▶ REQUIREMENT:
Exactly reproduce the lines from the one holding "This screenshot has" through the end of the records, including both boundary lines but no pictures.

▶ DATA SUPPLIED:
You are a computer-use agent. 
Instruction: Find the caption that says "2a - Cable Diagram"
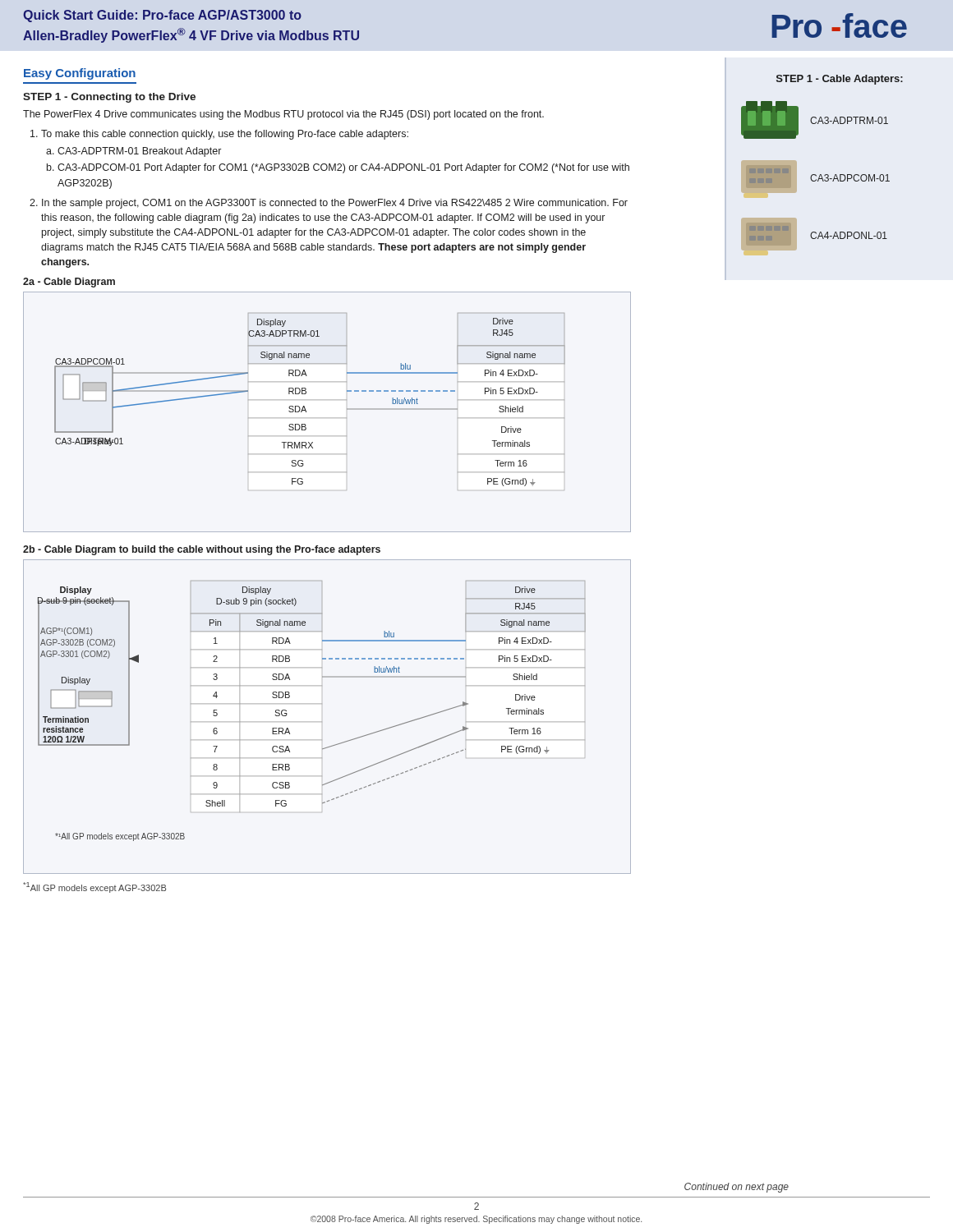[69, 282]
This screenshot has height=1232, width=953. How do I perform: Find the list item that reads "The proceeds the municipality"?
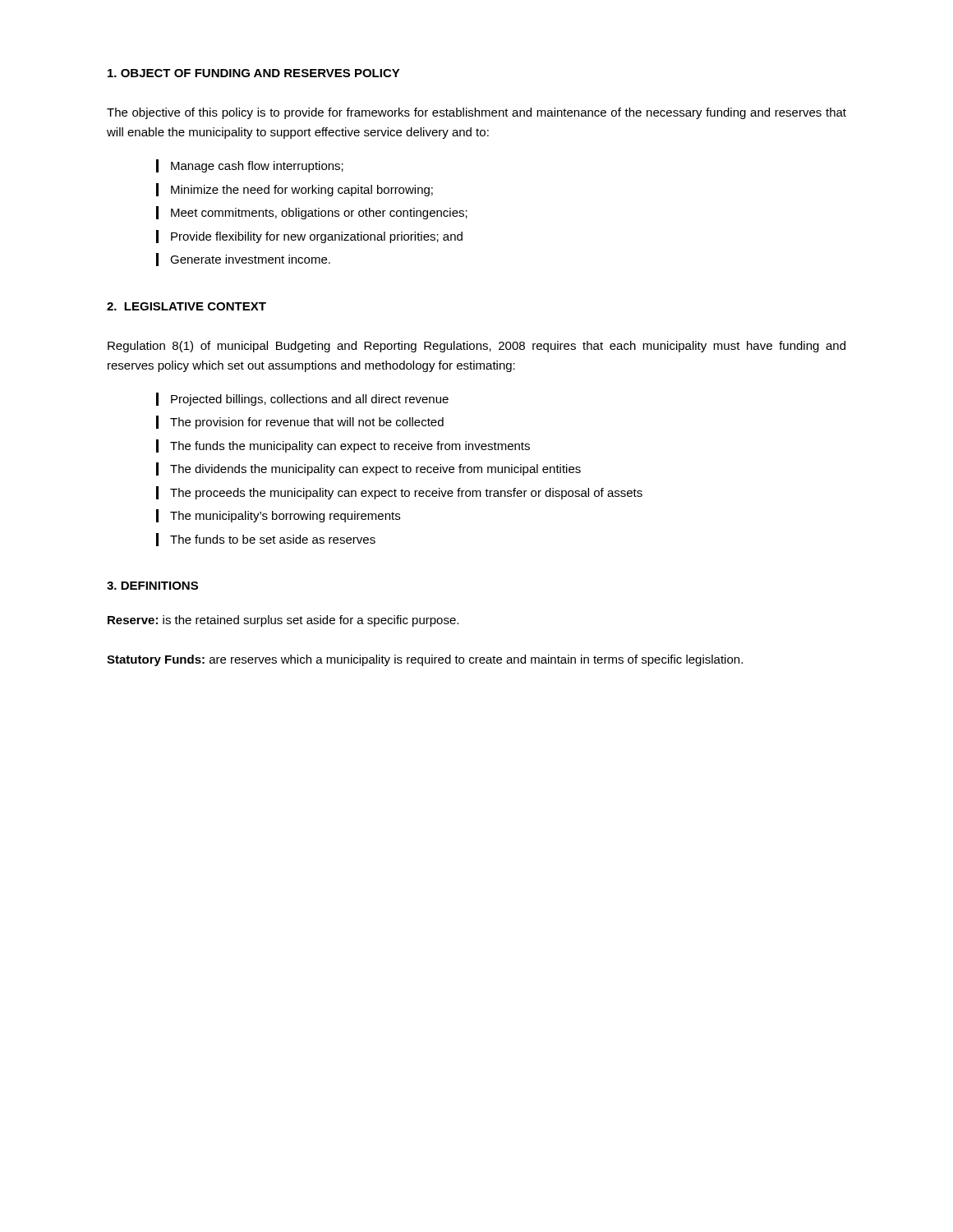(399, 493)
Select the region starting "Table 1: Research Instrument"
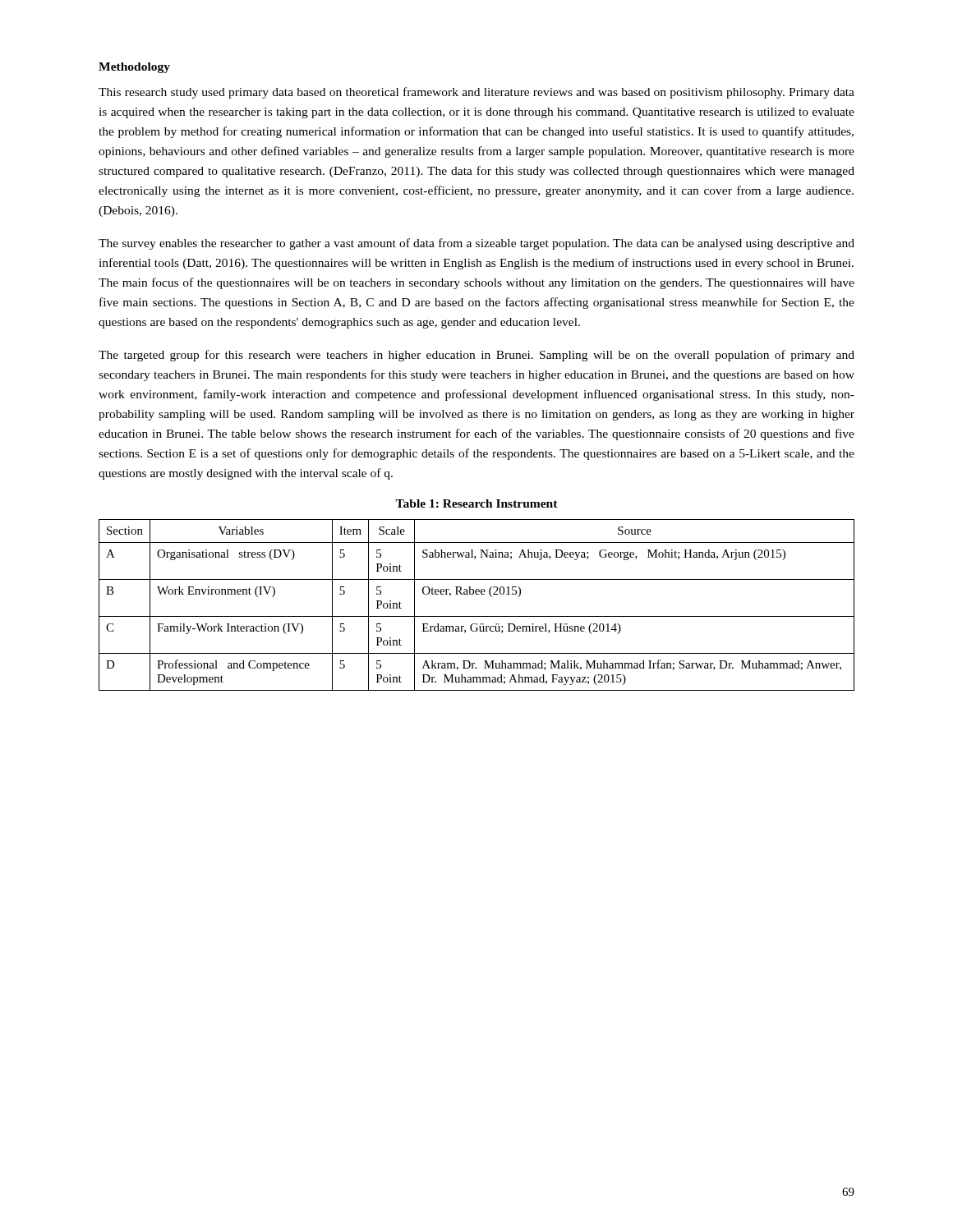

▶ EXERCISE RESPONSE:
This screenshot has height=1232, width=953. How do I perform: Find the list item that reads "The proceeds the municipality"?
(399, 493)
Select the region starting "Table 1: Research Instrument"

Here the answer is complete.